• _What is being asked_:
For the data below, please report each line where the word "background" is found.

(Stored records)

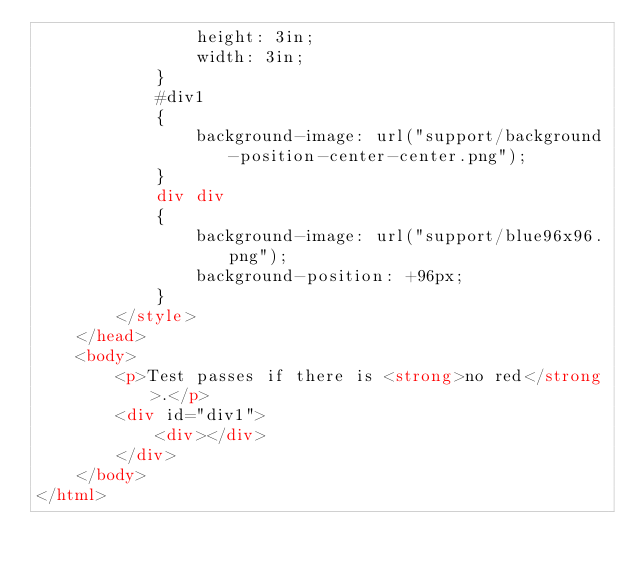<code> <loc_0><loc_0><loc_500><loc_500><_HTML_>                height: 3in;
                width: 3in;
            }
            #div1
            {
                background-image: url("support/background-position-center-center.png");
            }
            div div
            {
                background-image: url("support/blue96x96.png");
                background-position: +96px;
            }
        </style>
    </head>
    <body>
        <p>Test passes if there is <strong>no red</strong>.</p>
        <div id="div1">
            <div></div>
        </div>
    </body>
</html></code>

• _Answer to this exercise_:
                background-image: url("support/background-position-center-center.png");
                background-image: url("support/blue96x96.png");
                background-position: +96px;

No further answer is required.